**WHAT IS REQUIRED**.
Within the material below, transcribe exactly the lines from the one holding "for name, color, linetype" through the one holding "doc.add_image_def('image3.bmp', size_in_pixel=(22, 22))", keeping both ends and skipping the rest.

**GIVEN DATA**.
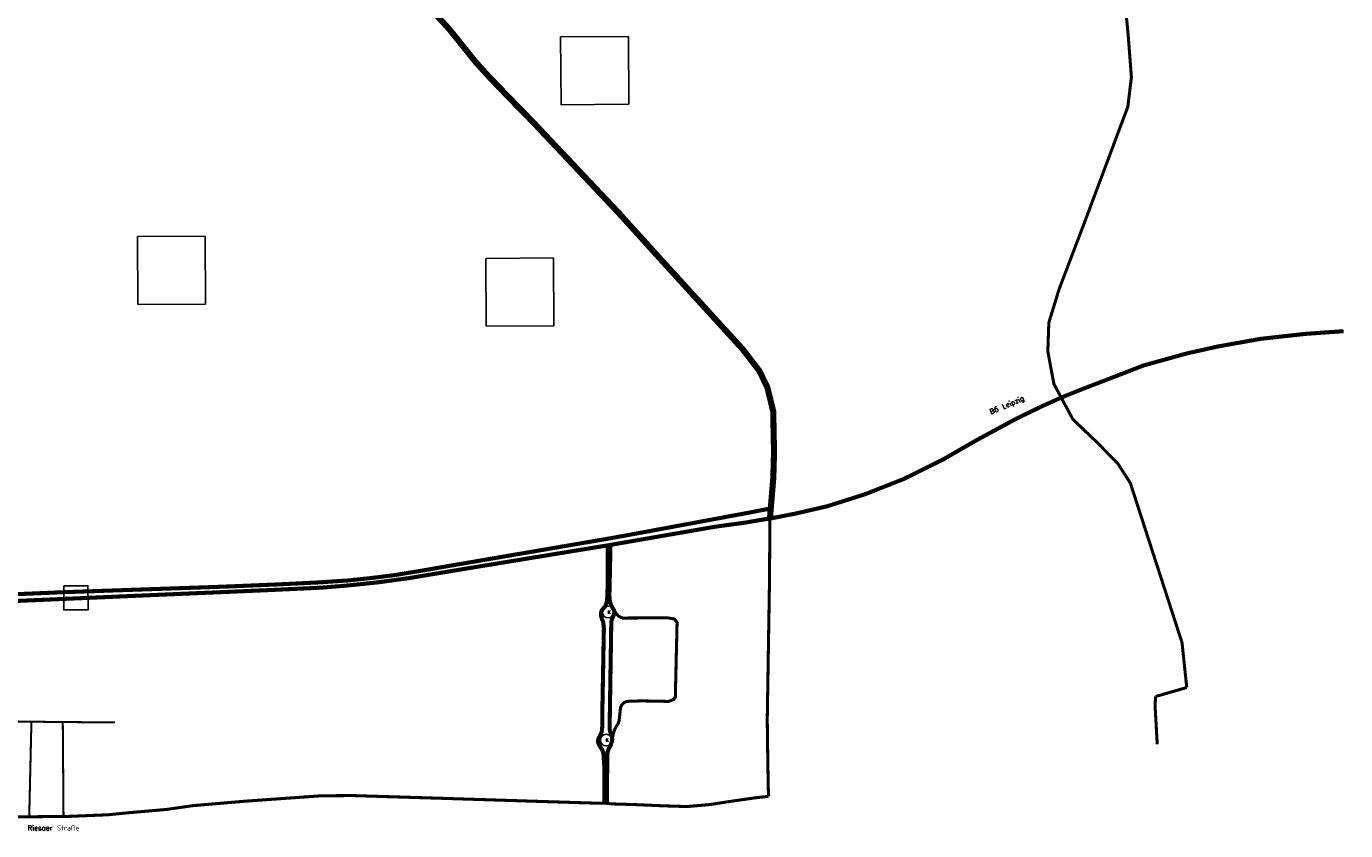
# Model space of a CAD drawing. Extents: x 4528202 to 4534913, y 5690099 to 5694457.
# Tile 6 of 7: x 4531666 to 4534913, y 5690140 to 5692120. Entities that reach past the tile are written whole.
import ezdxf

# ---------------------------------------------------------------- set-up
doc = ezdxf.new("R2010")
doc.units = 0
doc.header["$LTSCALE"] = 5
doc.header["$MEASUREMENT"] = 0
doc.linetypes.add('AUSGEZOGEN', pattern=[0])
doc.layers.get('0').update_dxf_attribs({"linetype": 'AUSGEZOGEN'})
for name, color, linetype in [('POI_AUTOMAT_POST', 7, 'AUSGEZOGEN'), ('POI_ESSO', 7, 'AUSGEZOGEN'), ('POI_PENNY', 7, 'AUSGEZOGEN'), ('str_1_digi', 1, 'CONTINUOUS'), ('str_1_digi_txt', 7, 'CONTINUOUS'), ('str_2_digi', 6, 'CONTINUOUS'), ('str_2_digi_txt', 7, 'CONTINUOUS')]:
    doc.layers.add(name, color=color, linetype=linetype)
doc.styles.get("Standard").update_dxf_attribs({"font": 'TXT.SHX'})
picture_1 = doc.add_image_def('image2.bmp', size_in_pixel=(22, 22))
picture_2 = doc.add_image_def('image3.bmp', size_in_pixel=(22, 22))
picture_3 = doc.add_image_def('image5.bmp', size_in_pixel=(22, 22))

# ---------------------------------------------------------------- blocks, each defined once
blk = doc.blocks.new('Kreisverkehr')
blk.add_circle((0, 0), 14.3)
at = {"layer": 'str_2_digi', "insert": (-1, 3.5), "char_height": 8, "width": 12.64, "attachment_point": 1}
blk.add_mtext('K', dxfattribs=at)
blk = doc.blocks.new('POI_ESSO')
blk.add_lwpolyline([(-0.000267, 0.000269), (0.000267, 0.000269), (0.000267, -0.000268), (-0.000267, -0.000268)], close=True)
image = blk.add_image(picture_1, insert=(-0.000268, -0.000266), size_in_units=(0.000534, 0.000534))
image.dxf.flags = 7
blk = doc.blocks.new('POI_AUTOMAT_POST')
image = blk.add_image(picture_2, insert=(-0.000752, -0.000746), size_in_units=(0.0015, 0.0015))
image.dxf.flags = 7
blk = doc.blocks.new('POI_PENNY')
image = blk.add_image(picture_3, insert=(-0.000752, -0.000746), size_in_units=(0.0015, 0.0015))
image.dxf.flags = 7

msp = doc.modelspace()

# ---------------------------------------------------------------- linework, layer by layer
at = {"layer": 'str_1_digi'}
for points, const_width in [([(4532505.6, 5692298.4), (4532595.5, 5692226.5), (4532644.9, 5692181), (4532705.3, 5692115), (4532772, 5692032.1), (4532801.6, 5691999.3), (4532851.4, 5691947.3), (4532913, 5691884.3), (4533124, 5691660.6), (4533232.8, 5691540.4), (4533429, 5691325.3), (4533469.8, 5691272.1), (4533489.1, 5691232.9), (4533504, 5691172.8), (4533506, 5691071.2), (4533504.2, 5691008.5), (4533495.9, 5690908.5)], 15), ([(4534358.8, 5692293.1), (4534377.8, 5692094.6), (4534385.4, 5691995.2), (4534376.6, 5691922.1), (4534275.5, 5691652), (4534207.5, 5691473.2), (4534182.2, 5691390.7), (4534179.7, 5691320.2), (4534194.8, 5691239.6), (4534241.4, 5691152.8), (4534296.8, 5691099.9), (4534351.3, 5691045), (4534382.8, 5690995.9), (4534510, 5690603.1), (4534521.6, 5690492.7)], 7.5), ([(4533495.9, 5690908.5), (4533494.8, 5690752.8), (4533492.3, 5690599.2), (4533489.3, 5690413.4), (4533490.7, 5690308.9), (4533492.3, 5690225)], 7.5), ([(4533113.1, 5690680.4), (4533123.7, 5690667.8), (4533134.1, 5690663.7), (4533243.9, 5690664.2), (4533261.5, 5690661.3), (4533267.4, 5690652.4), (4533263.1, 5690468.5), (4533259.4, 5690463.4), (4533246.5, 5690458.5), (4533179.4, 5690459.8), (4533144.6, 5690458.6), (4533137.4, 5690456), (4533131.9, 5690450.9), (4533128.4, 5690443.9), (4533124.8, 5690410.8), (4533122.3, 5690403.4), (4533114.5, 5690391.5), (4533110.8, 5690379), (4533107.9, 5690365.8)], 7.5), ([(4534445, 5690470.6), (4534521.6, 5690492.7)], 7.5), ([(4534449, 5690352.9), (4534443.6, 5690448), (4534445, 5690470.6)], 7.5), ([(4531149, 5690377.4), (4531172.7, 5690373.1), (4531212.5, 5690379.3), (4531242.9, 5690387.8), (4531298.8, 5690411.5), (4531308.8, 5690413.4), (4531391.4, 5690414.2), (4531467.7, 5690413.3), (4531535.5, 5690411.4), (4531603.3, 5690409.6), (4531678.6, 5690408.6), (4531755.8, 5690407.7), (4531884.5, 5690406.8)], 5), ([(4531678.6, 5690408.6), (4531673.2, 5690173.5)], 5), ([(4531755.8, 5690407.7), (4531757.6, 5690175.5)], 5), ([(4532469.9, 5690226.7), (4532391.9, 5690226.2), (4532203.2, 5690212.8), (4532075.8, 5690201.9), (4532011, 5690192.6), (4531915.6, 5690184.3), (4531867.6, 5690179.5), (4531773.6, 5690175.6), (4531522.8, 5690172.9), (4531416.8, 5690181.2), (4531384.3, 5690184.9), (4531305.2, 5690205), (4531248.7, 5690228), (4531222.1, 5690237.8), (4531197.7, 5690246.6), (4531161.4, 5690256.4), (4531150.9, 5690257.4), (4531117.8, 5690263.2)], 7.5), ([(4533492.3, 5690225), (4533457.2, 5690220.8), (4533407.7, 5690213.8), (4533347.2, 5690204.5), (4533292.2, 5690199.7), (4533233, 5690201.5), (4533166.1, 5690204.4), (4533105.4, 5690206.3), (4533088.7, 5690208.4), (4533062.9, 5690208.2), (4532915.2, 5690212.8), (4532681.8, 5690220.2), (4532469.9, 5690226.7)], 7.5)]:
    msp.add_lwpolyline(points, dxfattribs=dict(at, const_width=const_width))
at = {"layer": 'str_2_digi', "const_width": 10}
for points in [[(4533495.9, 5690908.5), (4533557.7, 5690920.6), (4533637, 5690938.9), (4533730.2, 5690968.5), (4533824.7, 5691005.8), (4533922.6, 5691054.3), (4534004.5, 5691101.6), (4534102.4, 5691154.5), (4534167.7, 5691186.1), (4534221.1, 5691209.8), (4534263.5, 5691226.8), (4534364.5, 5691265.7), (4534415, 5691285.3), (4534520.7, 5691314.7), (4534598.1, 5691332.1), (4534703.8, 5691351), (4534813.2, 5691363.1), (4534907.5, 5691369.8)], [(4533496.4, 5690933.3), (4533454, 5690924.9), (4533162.4, 5690870.8), (4533098.4, 5690859.2), (4532687.2, 5690788.7), (4532648.2, 5690781.8), (4532570.3, 5690769.1), (4532513.2, 5690762), (4532456.1, 5690756.1), (4532382.3, 5690751.2), (4532276.5, 5690746.1), (4532147.6, 5690740.8), (4531753.4, 5690727.2), (4531571.7, 5690719.4), (4531431.7, 5690714.1), (4531259.8, 5690715.5)], [(4531259.8, 5690715.5), (4531289.3, 5690699.3), (4531299.1, 5690697.1), (4531323.5, 5690695.1), (4531347.9, 5690693), (4531975.5, 5690720.2), (4532252, 5690732), (4532390.6, 5690738.4), (4532451.2, 5690743.3), (4532531.9, 5690751.6), (4532608.5, 5690762.1), (4532753.9, 5690786.3), (4533096.8, 5690842.6), (4533359.4, 5690888.2), (4533436, 5690898.7), (4533482.6, 5690906.8), (4533495.9, 5690908.5)], [(4533096.8, 5690842.6), (4533097, 5690752.4), (4533095.8, 5690723.5), (4533095.2, 5690706.8), (4533092.5, 5690696.8), (4533090.5, 5690692.3), (4533083.5, 5690684.5), (4533080.8, 5690678.9), (4533080.1, 5690673.3), (4533080.9, 5690666.6), (4533083, 5690660), (4533085.8, 5690653.3), (4533087.3, 5690638.9), (4533084.7, 5690497.6), (4533083.2, 5690418.6), (4533083.3, 5690397.5), (4533082.7, 5690388.6), (4533081.3, 5690381.9), (4533077.9, 5690375.2), (4533075.1, 5690369.6), (4533073.1, 5690364), (4533073.1, 5690357.3), (4533075.9, 5690350.7), (4533083, 5690339.6), (4533085.8, 5690333), (4533086.5, 5690326.3), (4533088.1, 5690301.8), (4533088.5, 5690235.1), (4533088.7, 5690208.4)], [(4533095, 5690206.2), (4533095.5, 5690327.9), (4533097.1, 5690335.9), (4533099.8, 5690343.2), (4533103.8, 5690349.7), (4533107.4, 5690361.9), (4533107.9, 5690365.8), (4533106.7, 5690371.6), (4533104.6, 5690377.5), (4533102.6, 5690384.2), (4533101.4, 5690391.6), (4533105.5, 5690654), (4533107.3, 5690661.4), (4533109.6, 5690666.8), (4533112.3, 5690672.4), (4533112.5, 5690675.4), (4533113.1, 5690680.4), (4533111.5, 5690684.1), (4533108.3, 5690689.4), (4533105.1, 5690695.5), (4533102.5, 5690702.7), (4533101.3, 5690711.1), (4533100.9, 5690720.3), (4533103.5, 5690838.5), (4533103.3, 5690843.7)]]:
    msp.add_lwpolyline(points, dxfattribs=at)

# ---------------------------------------------------------------- block references
at = {"layer": 'POI_AUTOMAT_POST', "xscale": 111319.4907932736, "yscale": 111319.4907932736, "zscale": 111319.4907932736, "rotation": 0.3708826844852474}
msp.add_blockref('POI_AUTOMAT_POST', (4533065.2, 5692010.9), dxfattribs=at)
at = {"layer": 'POI_ESSO', "xscale": 111319.4907932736, "yscale": 111319.4907932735, "zscale": 111319.4907932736, "rotation": 0.356410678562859}
msp.add_blockref('POI_ESSO', (4531788.2, 5690713.3), dxfattribs=at)
at = {"layer": 'POI_PENNY', "xscale": 111319.4907932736, "zscale": 111319.4907932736}
for p, yscale, rotation in [((4532023.5, 5691519.1), 111319.4907932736, 0.359141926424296), ((4532880.7, 5691465.6), 111319.4907932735, 0.3687480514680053)]:
    msp.add_blockref('POI_PENNY', p, dxfattribs=dict(at, yscale=yscale, rotation=rotation))
at = {"layer": 'str_2_digi'}
for p in [(4533097.7, 5690678.6), (4533092.9, 5690363.3)]:
    msp.add_blockref('Kreisverkehr', p, dxfattribs=at)

# ---------------------------------------------------------------- texts
at = {"layer": 'str_1_digi_txt'}
msp.add_text('Riesaer Straße', height=12.5, dxfattribs=at).set_placement((4531669.5, 5690140.7))
at = {"layer": 'str_2_digi_txt'}
msp.add_text('B6 Leipzig', height=12.5, rotation=23.0588, dxfattribs=at).set_placement((4534039.8, 5691165))

doc.saveas('drawing.dxf')

**ANSWER TO THIS PROBLEM**.
for name, color, linetype in [('POI_AUTOMAT_POST', 7, 'AUSGEZOGEN'), ('POI_ESSO', 7, 'AUSGEZOGEN'), ('POI_PENNY', 7, 'AUSGEZOGEN'), ('str_1_digi', 1, 'CONTINUOUS'), ('str_1_digi_txt', 7, 'CONTINUOUS'), ('str_2_digi', 6, 'CONTINUOUS'), ('str_2_digi_txt', 7, 'CONTINUOUS')]:
    doc.layers.add(name, color=color, linetype=linetype)
doc.styles.get("Standard").update_dxf_attribs({"font": 'TXT.SHX'})
picture_1 = doc.add_image_def('image2.bmp', size_in_pixel=(22, 22))
picture_2 = doc.add_image_def('image3.bmp', size_in_pixel=(22, 22))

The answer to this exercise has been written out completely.